[Items from a data source]

================

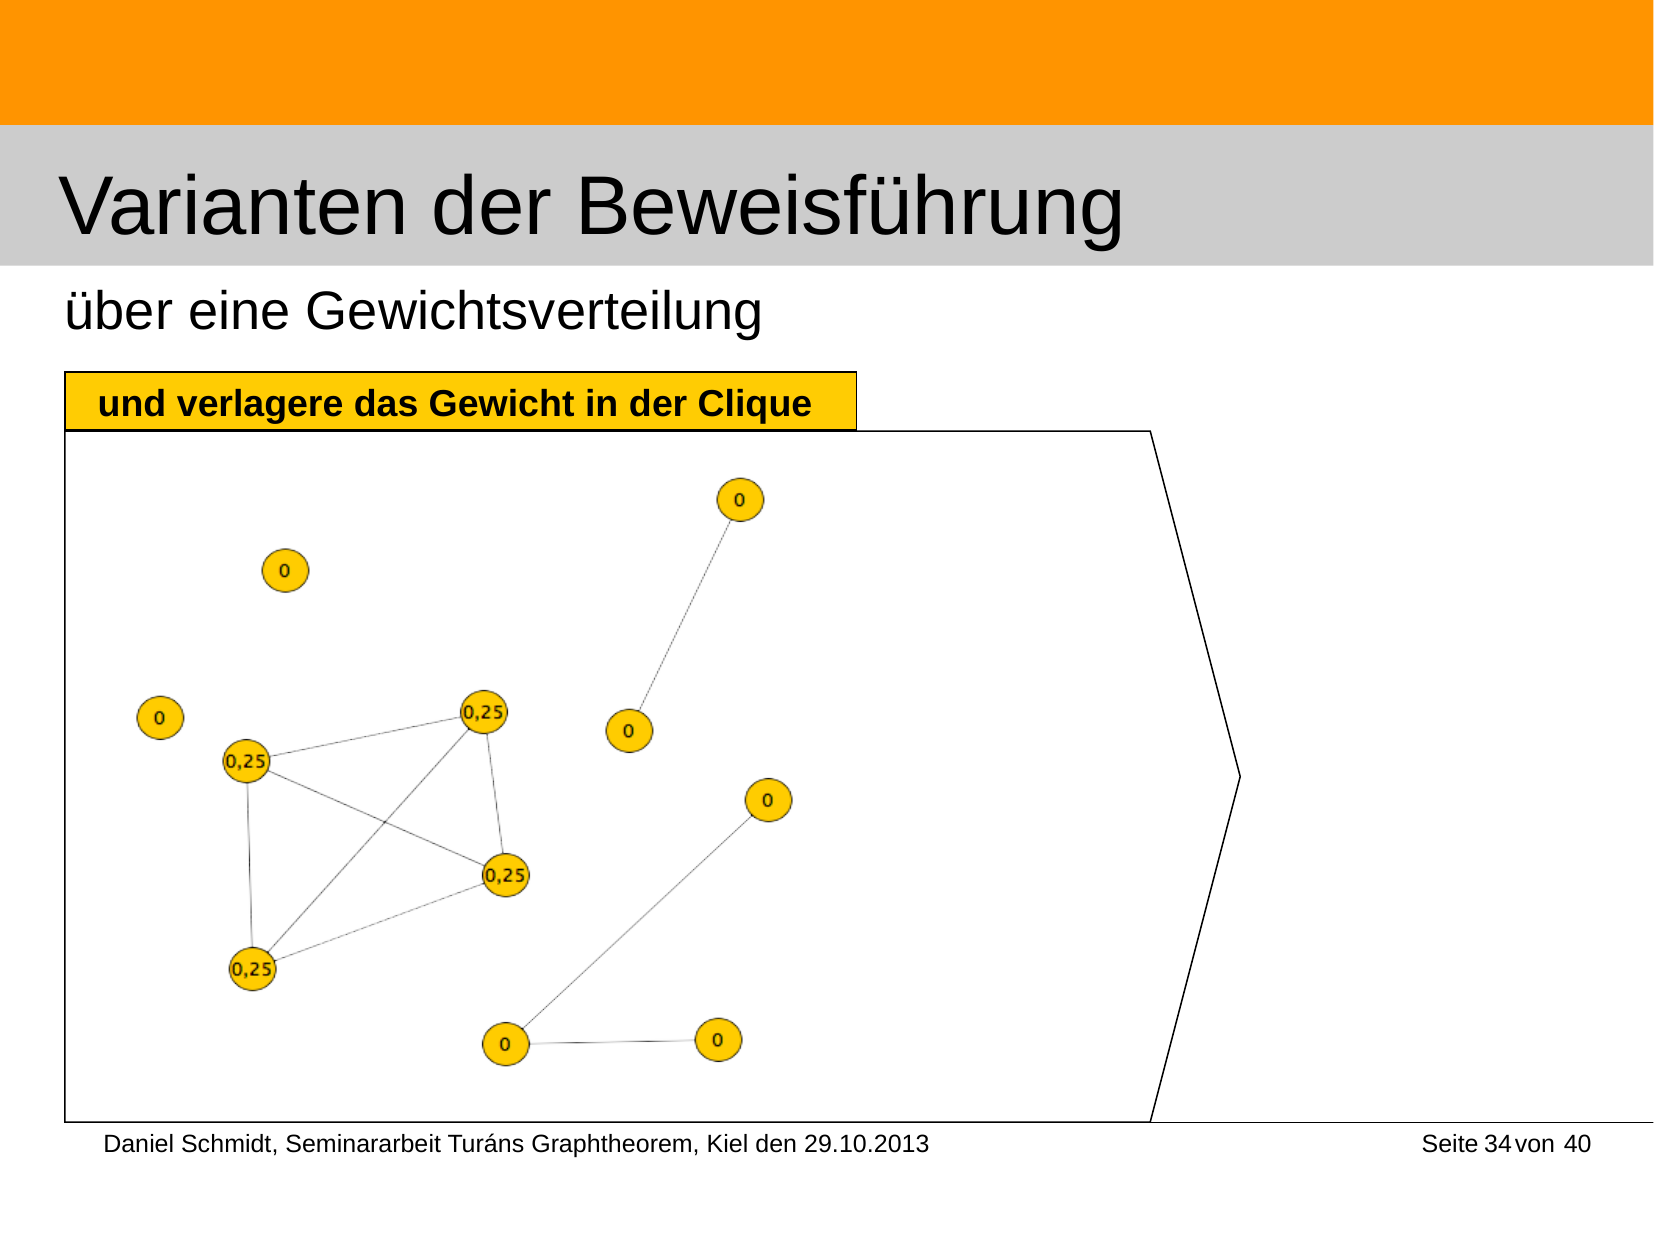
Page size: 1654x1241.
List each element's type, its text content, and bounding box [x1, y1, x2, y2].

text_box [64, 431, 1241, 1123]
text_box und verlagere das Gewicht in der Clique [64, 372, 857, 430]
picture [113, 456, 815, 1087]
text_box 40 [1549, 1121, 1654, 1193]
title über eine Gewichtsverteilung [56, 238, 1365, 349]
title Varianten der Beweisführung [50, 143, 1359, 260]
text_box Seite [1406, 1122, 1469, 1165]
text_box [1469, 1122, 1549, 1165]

================

PROBLEM TO SOLVE: Reproduce all the entries that precede this task, word for word, minus any pictures.

RESULT OF THE EXERCISE:
Page size: 1654x1241.
List each element's type, its text content, and bounding box [x1, y1, x2, y2].

text_box [64, 431, 1241, 1123]
text_box und verlagere das Gewicht in der Clique [64, 372, 857, 430]
picture [113, 456, 815, 1087]
text_box 40 [1549, 1121, 1654, 1193]
title über eine Gewichtsverteilung [56, 238, 1365, 349]
title Varianten der Beweisführung [50, 143, 1359, 260]
text_box Seite [1406, 1122, 1469, 1165]
text_box [1469, 1122, 1549, 1165]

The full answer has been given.